MACRO – CHINA
MONETARY & FISCAL POLICY
STAGFLATION’S LOOMING HOLD ON
THE FED’S DUAL MANDATE
OBSERVATIONS: WHAT WE HAVE FORGOTTEN ABOUT AMERICA
Adam Smith wrote the landmark book “Wealth of Nations” in 1776. This was incredibly serendipitous that his thinking came into focus during that same year the American nation was founded. Clearly, his thinking had a profound impact on our forefathers thoughts towards architecting the governance of this new Republic.
What he got right were two important pillars we need to remember during this election season:
- First, that wealth is created by individuals, operating in their own self-interest, and that this is achieved through the understanding that EMPATHY for others was required in order to earn the TRUST of others. Trust was required in order for others to voluntarily choose to engage, socially and in commerce.
- Secondly, based on his book the US founding fathers, chose to MINIMIZE THE ROLE OF GOVERNMENT and to rely on free enterprise to be the engine of the nascent nation.
Jeff Thomas (a “Brit”) has lived multi-nationally since childhood and questions governments as a general principle. Being an Austrian economist believing in personal liberty and limiting government, he recently penned the following salient reminders:
The Smithian principle is based upon voluntary exchange – a free market, from the bottom up, not the top down. In it, each creator of goods chooses to create, not that which he most wishes to create, but that which is most likely to be salable to others.
Similarly, he recognizes that he must produce it for a price that others are prepared to pay and in no greater amounts that they are prepared to buy. Increased demand may tend to raise the price being asked, but higher prices will inspire others to compete. Their production inevitably creates a balance between demand, availability and prices.
The free market, therefore, satisfies the provision of goods, the volume of goods available and the prices of goods. No one is forced to produce. No one is forced to buy. It’s an entirely self-sustaining and endlessly self-renewing process.

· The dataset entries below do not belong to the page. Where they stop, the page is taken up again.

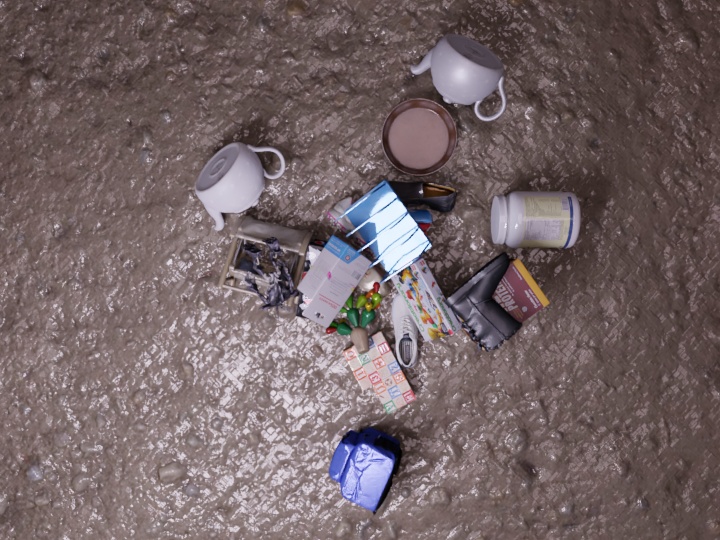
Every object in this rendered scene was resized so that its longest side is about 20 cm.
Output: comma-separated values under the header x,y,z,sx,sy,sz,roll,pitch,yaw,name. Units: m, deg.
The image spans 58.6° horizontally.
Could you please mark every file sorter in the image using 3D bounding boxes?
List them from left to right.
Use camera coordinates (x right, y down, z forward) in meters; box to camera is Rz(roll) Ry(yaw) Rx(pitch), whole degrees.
x,y,z,sx,sy,sz,roll,pitch,yaw,name
0.053,-0.091,1.557,0.138,0.123,0.201,-34,94,24,file sorter

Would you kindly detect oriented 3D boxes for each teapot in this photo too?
x,y,z,sx,sy,sz,roll,pitch,yaw,name
-0.314,-0.223,1.650,0.146,0.199,0.198,41,56,-35,teapot
0.258,-0.488,1.624,0.196,0.201,0.147,5,133,-28,teapot

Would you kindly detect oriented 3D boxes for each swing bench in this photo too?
x,y,z,sx,sy,sz,roll,pitch,yaw,name
-0.240,-0.028,1.659,0.197,0.130,0.202,13,92,3,swing bench

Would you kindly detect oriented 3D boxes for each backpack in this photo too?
x,y,z,sx,sy,sz,roll,pitch,yaw,name
0.019,0.481,1.630,0.167,0.200,0.163,29,96,10,backpack

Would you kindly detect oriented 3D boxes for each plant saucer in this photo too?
x,y,z,sx,sy,sz,roll,pitch,yaw,name
0.154,-0.349,1.691,0.199,0.034,0.202,0,92,2,plant saucer

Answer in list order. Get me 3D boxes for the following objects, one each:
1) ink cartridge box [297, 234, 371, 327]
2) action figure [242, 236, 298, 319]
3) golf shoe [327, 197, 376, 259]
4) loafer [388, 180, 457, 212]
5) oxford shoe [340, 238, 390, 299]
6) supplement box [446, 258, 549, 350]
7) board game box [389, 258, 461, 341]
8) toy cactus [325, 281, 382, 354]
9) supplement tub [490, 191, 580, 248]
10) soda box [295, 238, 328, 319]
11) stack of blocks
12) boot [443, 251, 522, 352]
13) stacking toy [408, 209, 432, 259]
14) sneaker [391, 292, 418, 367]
x,y,z,sx,sy,sz,roll,pitch,yaw,name
-0.074,0.028,1.582,0.068,0.115,0.201,34,90,40,ink cartridge box
-0.217,0.015,1.547,0.118,0.102,0.201,-23,126,-21,action figure
0.008,-0.109,1.682,0.200,0.075,0.092,42,77,-7,golf shoe
0.153,-0.207,1.665,0.198,0.072,0.073,7,63,-3,loafer
0.000,0.000,1.681,0.200,0.074,0.071,44,91,0,oxford shoe
0.334,0.078,1.611,0.197,0.200,0.133,-36,90,2,supplement box
0.162,0.077,1.622,0.034,0.126,0.201,-29,91,-31,board game box
-0.014,0.129,1.644,0.199,0.102,0.166,-28,65,22,toy cactus
0.442,-0.129,1.632,0.198,0.145,0.146,0,91,2,supplement tub
-0.117,0.024,1.663,0.063,0.071,0.201,12,106,2,soda box
0.050,0.272,1.692,0.115,0.059,0.201,-29,90,2,stack of blocks
0.307,0.077,1.475,0.198,0.073,0.163,-42,86,9,boot
0.128,-0.056,1.675,0.109,0.116,0.202,0,105,0,stacking toy
0.123,0.157,1.682,0.072,0.071,0.202,-8,90,2,sneaker
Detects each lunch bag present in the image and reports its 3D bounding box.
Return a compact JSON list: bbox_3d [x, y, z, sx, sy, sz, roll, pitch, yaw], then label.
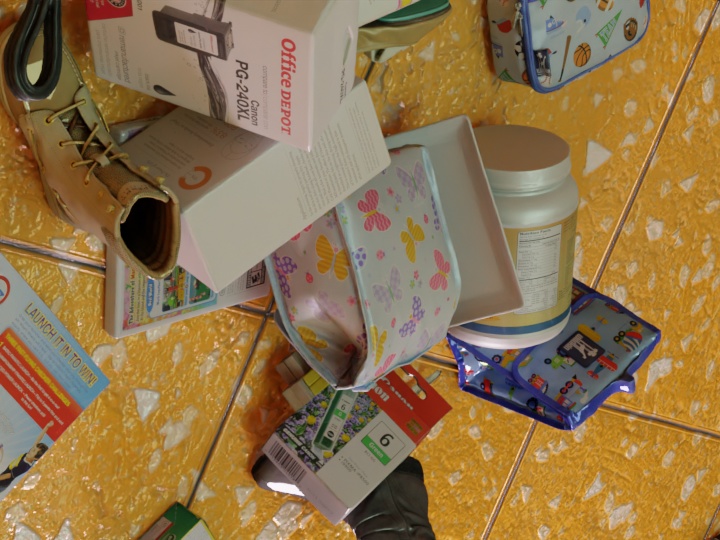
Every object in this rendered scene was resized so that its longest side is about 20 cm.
[{"bbox_3d":[0.219,0.093,1.925,0.150,0.200,0.094,-40,134,-24],"label":"lunch bag"},{"bbox_3d":[0.212,-0.282,1.822,0.200,0.075,0.161,-31,127,-32],"label":"lunch bag"},{"bbox_3d":[0.000,0.000,1.666,0.169,0.127,0.201,-28,103,-49],"label":"lunch bag"}]

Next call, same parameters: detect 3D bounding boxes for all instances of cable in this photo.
[{"bbox_3d":[-0.251,-0.234,1.373,0.097,0.050,0.201,-14,107,-53],"label":"cable"}]

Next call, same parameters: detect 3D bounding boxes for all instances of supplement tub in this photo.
[{"bbox_3d":[0.151,-0.036,1.832,0.144,0.144,0.201,-22,124,-37],"label":"supplement tub"}]

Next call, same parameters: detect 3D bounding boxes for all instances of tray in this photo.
[{"bbox_3d":[0.089,-0.047,1.751,0.022,0.107,0.201,-32,106,-66],"label":"tray"}]

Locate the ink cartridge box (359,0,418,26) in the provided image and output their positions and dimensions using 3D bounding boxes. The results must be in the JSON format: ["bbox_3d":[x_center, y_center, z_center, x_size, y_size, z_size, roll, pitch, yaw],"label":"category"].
[{"bbox_3d":[-0.013,-0.287,1.530,0.200,0.125,0.129,-27,111,-34],"label":"ink cartridge box"}]

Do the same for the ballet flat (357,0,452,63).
[{"bbox_3d":[-0.004,-0.220,1.647,0.199,0.069,0.063,-12,128,-31],"label":"ballet flat"}]

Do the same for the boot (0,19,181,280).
[{"bbox_3d":[-0.216,-0.096,1.418,0.073,0.155,0.200,-29,129,-23],"label":"boot"}]

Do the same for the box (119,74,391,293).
[{"bbox_3d":[-0.094,-0.095,1.524,0.200,0.124,0.098,-37,134,-19],"label":"box"}]

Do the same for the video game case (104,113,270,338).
[{"bbox_3d":[-0.151,-0.051,1.611,0.182,0.024,0.201,-16,122,-39],"label":"video game case"}]

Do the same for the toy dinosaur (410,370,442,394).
[{"bbox_3d":[0.027,0.199,1.907,0.088,0.047,0.201,6,103,-51],"label":"toy dinosaur"}]

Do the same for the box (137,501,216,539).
[{"bbox_3d":[-0.173,0.337,1.773,0.117,0.048,0.200,-44,133,-21],"label":"box"}]

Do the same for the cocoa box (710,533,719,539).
[{"bbox_3d":[0.535,0.488,2.500,0.131,0.133,0.201,-24,126,-34],"label":"cocoa box"}]

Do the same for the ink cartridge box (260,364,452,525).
[{"bbox_3d":[0.006,0.152,1.790,0.200,0.109,0.050,-40,172,-34],"label":"ink cartridge box"}]

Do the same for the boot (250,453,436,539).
[{"bbox_3d":[-0.007,0.245,1.792,0.199,0.132,0.070,7,136,-23],"label":"boot"}]

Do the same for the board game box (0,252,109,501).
[{"bbox_3d":[-0.335,0.099,1.477,0.196,0.056,0.200,-48,137,-16],"label":"board game box"}]

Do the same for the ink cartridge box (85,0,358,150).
[{"bbox_3d":[-0.109,-0.196,1.397,0.145,0.199,0.084,93,21,-55],"label":"ink cartridge box"}]

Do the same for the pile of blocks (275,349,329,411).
[{"bbox_3d":[-0.010,0.055,1.768,0.200,0.082,0.062,-40,95,-30],"label":"pile of blocks"}]

In a free-market system, there are no top-down controls by legislators or regulators. In a top-down system, attempts are made to dictate quotas and prices and apply taxation. All are counter-productive.

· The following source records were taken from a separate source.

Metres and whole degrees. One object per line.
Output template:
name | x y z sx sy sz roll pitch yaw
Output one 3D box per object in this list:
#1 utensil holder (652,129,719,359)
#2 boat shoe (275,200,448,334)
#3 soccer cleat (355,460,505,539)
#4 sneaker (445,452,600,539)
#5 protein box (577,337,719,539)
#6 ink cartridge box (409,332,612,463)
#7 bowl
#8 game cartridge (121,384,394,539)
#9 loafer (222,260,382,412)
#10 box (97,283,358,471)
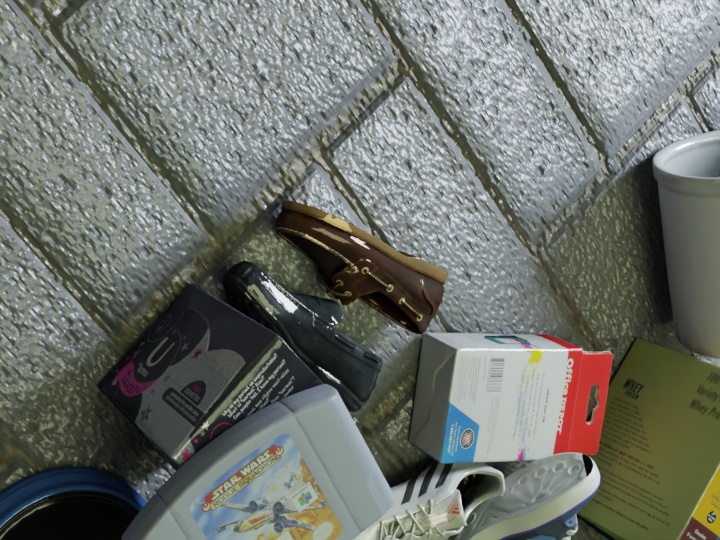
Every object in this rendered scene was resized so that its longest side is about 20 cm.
utensil holder | 0.400 -0.030 1.432 0.168 0.169 0.203 -20 113 -24
boat shoe | 0.000 0.000 1.263 0.198 0.070 0.071 26 84 -31
soccer cleat | 0.057 0.239 1.324 0.199 0.085 0.070 -27 112 -34
sneaker | 0.185 0.283 1.377 0.199 0.081 0.147 -33 112 18
protein box | 0.343 0.210 1.430 0.134 0.198 0.202 36 82 -31
ink cartridge box | 0.154 0.128 1.381 0.197 0.067 0.118 3 100 -30
bowl | -0.261 0.276 1.195 0.198 0.039 0.204 -7 104 -28
game cartridge | -0.078 0.185 1.049 0.199 0.041 0.134 -36 120 -15
loafer | -0.051 0.051 1.252 0.201 0.068 0.071 47 69 -34
box | -0.118 0.112 1.145 0.132 0.199 0.115 -47 117 -10
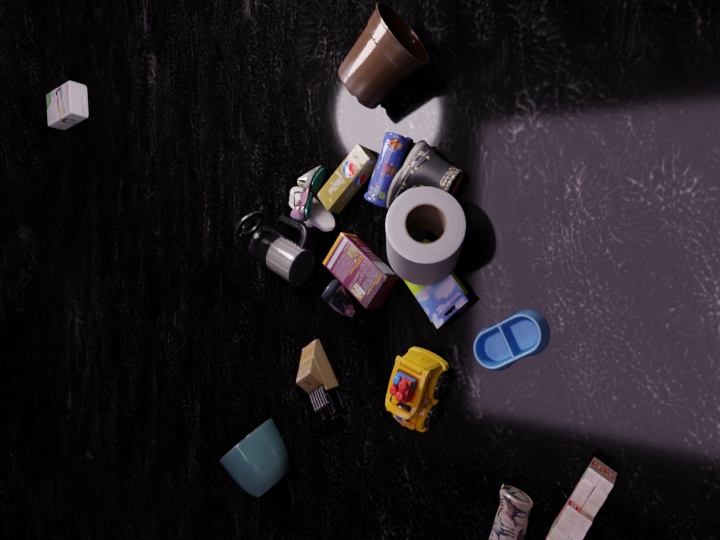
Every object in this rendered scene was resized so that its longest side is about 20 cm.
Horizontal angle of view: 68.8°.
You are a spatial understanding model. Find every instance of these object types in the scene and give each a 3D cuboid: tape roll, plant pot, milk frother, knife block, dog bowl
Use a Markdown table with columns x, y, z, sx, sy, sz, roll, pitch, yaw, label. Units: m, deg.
| x | y | z | sx | sy | sz | roll | pitch | yaw | label |
| --- | --- | --- | --- | --- | --- | --- | --- | --- | --- |
| 0.159 | -0.084 | 1.314 | 0.194 | 0.140 | 0.211 | -1 | 68 | 3 | tape roll |
| 0.052 | -0.565 | 1.421 | 0.197 | 0.197 | 0.205 | -38 | 70 | 33 | plant pot |
| -0.260 | -0.071 | 1.592 | 0.185 | 0.197 | 0.187 | 27 | 109 | 29 | milk frother |
| -0.109 | 0.335 | 1.583 | 0.063 | 0.175 | 0.203 | -33 | 28 | 25 | knife block |
| -0.310 | 0.591 | 1.628 | 0.200 | 0.199 | 0.163 | -42 | 81 | 24 | plant pot |
| 0.361 | 0.173 | 1.283 | 0.197 | 0.049 | 0.115 | -32 | 73 | 28 | dog bowl |

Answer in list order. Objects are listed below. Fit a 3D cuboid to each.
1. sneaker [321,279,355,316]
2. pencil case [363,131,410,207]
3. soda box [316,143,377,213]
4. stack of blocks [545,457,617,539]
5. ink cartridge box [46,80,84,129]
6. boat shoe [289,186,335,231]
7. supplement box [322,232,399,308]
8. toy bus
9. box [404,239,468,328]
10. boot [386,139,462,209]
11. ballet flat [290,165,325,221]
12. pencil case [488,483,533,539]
| x | y | z | sx | sy | sz | roll | pitch | yaw | label |
| --- | --- | --- | --- | --- | --- | --- | --- | --- | --- |
| -0.053 | 0.082 | 1.473 | 0.081 | 0.200 | 0.071 | 40 | 87 | 14 | sneaker |
| 0.074 | -0.281 | 1.458 | 0.075 | 0.087 | 0.207 | 17 | 102 | -11 | pencil case |
| -0.037 | -0.265 | 1.537 | 0.201 | 0.063 | 0.068 | -48 | 66 | 23 | soda box |
| 0.485 | 0.527 | 1.160 | 0.058 | 0.114 | 0.206 | 31 | 104 | 27 | stack of blocks |
| -1.307 | -0.734 | 2.344 | 0.194 | 0.083 | 0.151 | -10 | 84 | 31 | ink cartridge box |
| -0.154 | -0.173 | 1.611 | 0.199 | 0.071 | 0.070 | 41 | 128 | 21 | boat shoe |
| 0.000 | 0.000 | 1.495 | 0.200 | 0.085 | 0.112 | 44 | 110 | 25 | supplement box |
| 0.125 | 0.318 | 1.350 | 0.132 | 0.190 | 0.207 | 21 | 101 | 28 | toy bus |
| 0.194 | 0.035 | 1.392 | 0.122 | 0.047 | 0.203 | -44 | 67 | 24 | box |
| 0.166 | -0.220 | 1.401 | 0.153 | 0.073 | 0.208 | 38 | 108 | 24 | boot |
| -0.163 | -0.235 | 1.565 | 0.068 | 0.070 | 0.206 | 9 | 61 | 13 | ballet flat |
| 0.352 | 0.621 | 1.264 | 0.086 | 0.078 | 0.208 | 14 | 98 | 11 | pencil case |

This “natural liberty,” as Mister Smith termed it, is invariably destroyed to a greater or lesser degree by outside forces, such as governments and trade unions. They seek to dictate prices and impose quotas, tariffs and taxation. Not only do these entities not have the ability to regulate every individual agreement between any two parties, they invariably fall prey to corruption – giving rise
to cronyism, monopolies and insider deals.
Government is … the destroyer of free enterprise.
All governments, in every era, wrestle with the question of, to what degree they should intervene in commerce in order to maximise the wealth of the country. Regardless as to whether they are sincere in their deliberations, the fatal flaw is that the answer – one that they cannot accept – is: none.
In modern times, free enterprise (i.e., capitalism) has been blamed for impoverishment, over-pricing, inadequate quality of goods and more. Yet a true free market corrects these problems. These problems, which are only too real, are the product of a century of governmental regulation of and interference in the free market. We may criticize the free market, yet we have never actually lived in a free-market system.
The successful government does not need to do good things for you; it only needs to cease doing bad things for you.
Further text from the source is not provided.